[Record set — start]
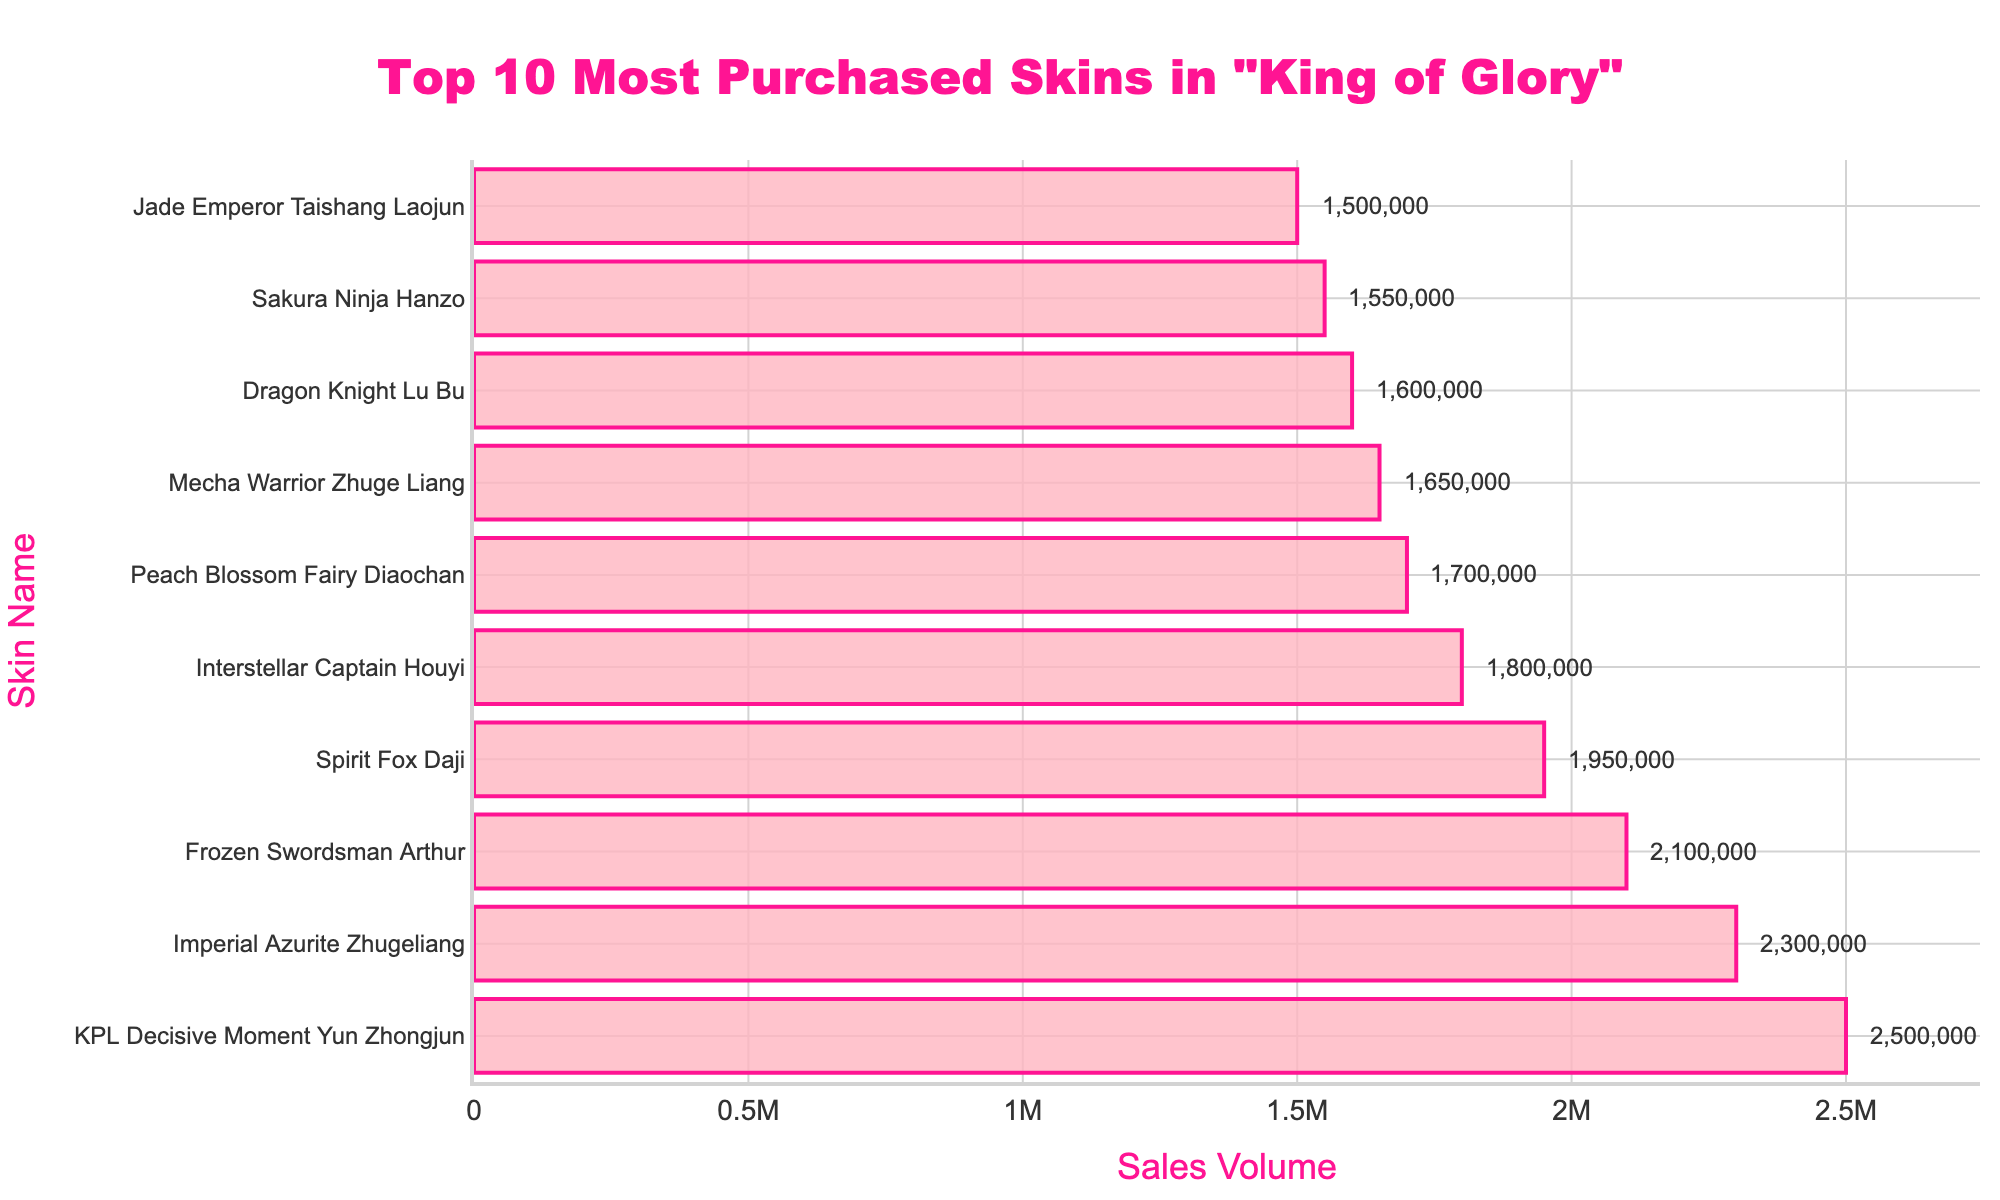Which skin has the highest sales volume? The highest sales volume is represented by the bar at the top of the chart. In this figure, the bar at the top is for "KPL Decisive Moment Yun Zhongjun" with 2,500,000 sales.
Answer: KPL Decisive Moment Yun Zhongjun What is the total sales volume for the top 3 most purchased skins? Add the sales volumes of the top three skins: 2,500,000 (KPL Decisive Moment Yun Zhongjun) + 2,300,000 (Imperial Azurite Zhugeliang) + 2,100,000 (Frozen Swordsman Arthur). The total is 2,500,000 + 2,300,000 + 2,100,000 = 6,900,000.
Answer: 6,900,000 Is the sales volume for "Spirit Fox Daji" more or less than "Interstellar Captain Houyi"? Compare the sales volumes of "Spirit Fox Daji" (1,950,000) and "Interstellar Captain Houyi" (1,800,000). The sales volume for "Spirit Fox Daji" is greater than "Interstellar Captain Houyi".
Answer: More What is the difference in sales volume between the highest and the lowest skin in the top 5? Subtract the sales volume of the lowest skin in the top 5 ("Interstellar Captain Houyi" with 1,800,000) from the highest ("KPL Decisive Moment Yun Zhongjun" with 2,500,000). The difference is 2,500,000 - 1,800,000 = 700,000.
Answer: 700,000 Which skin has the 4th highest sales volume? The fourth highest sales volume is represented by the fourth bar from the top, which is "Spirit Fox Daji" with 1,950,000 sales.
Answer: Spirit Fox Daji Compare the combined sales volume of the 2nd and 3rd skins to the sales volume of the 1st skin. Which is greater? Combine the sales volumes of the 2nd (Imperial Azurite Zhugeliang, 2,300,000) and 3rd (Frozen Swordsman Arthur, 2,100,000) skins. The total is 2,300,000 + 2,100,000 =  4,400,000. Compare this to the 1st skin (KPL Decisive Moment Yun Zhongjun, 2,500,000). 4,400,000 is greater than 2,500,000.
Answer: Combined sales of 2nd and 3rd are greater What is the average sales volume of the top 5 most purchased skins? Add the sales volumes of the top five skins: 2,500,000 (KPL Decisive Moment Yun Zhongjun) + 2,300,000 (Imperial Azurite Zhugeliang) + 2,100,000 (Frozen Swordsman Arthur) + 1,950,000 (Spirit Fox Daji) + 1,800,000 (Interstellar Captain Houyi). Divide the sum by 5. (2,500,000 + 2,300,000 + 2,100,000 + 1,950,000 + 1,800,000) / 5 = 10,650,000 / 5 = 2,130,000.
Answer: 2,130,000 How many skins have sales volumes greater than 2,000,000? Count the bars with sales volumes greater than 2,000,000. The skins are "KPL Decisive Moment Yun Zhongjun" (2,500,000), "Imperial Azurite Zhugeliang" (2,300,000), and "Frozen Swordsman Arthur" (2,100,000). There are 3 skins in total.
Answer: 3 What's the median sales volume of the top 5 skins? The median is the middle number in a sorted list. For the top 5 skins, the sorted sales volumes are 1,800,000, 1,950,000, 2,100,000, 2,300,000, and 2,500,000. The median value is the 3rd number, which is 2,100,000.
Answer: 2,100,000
[Record set — finish]
◆ Task: Within the data above, how many lines include the word "from"? Respond with the number only.

◆ Solution below: 2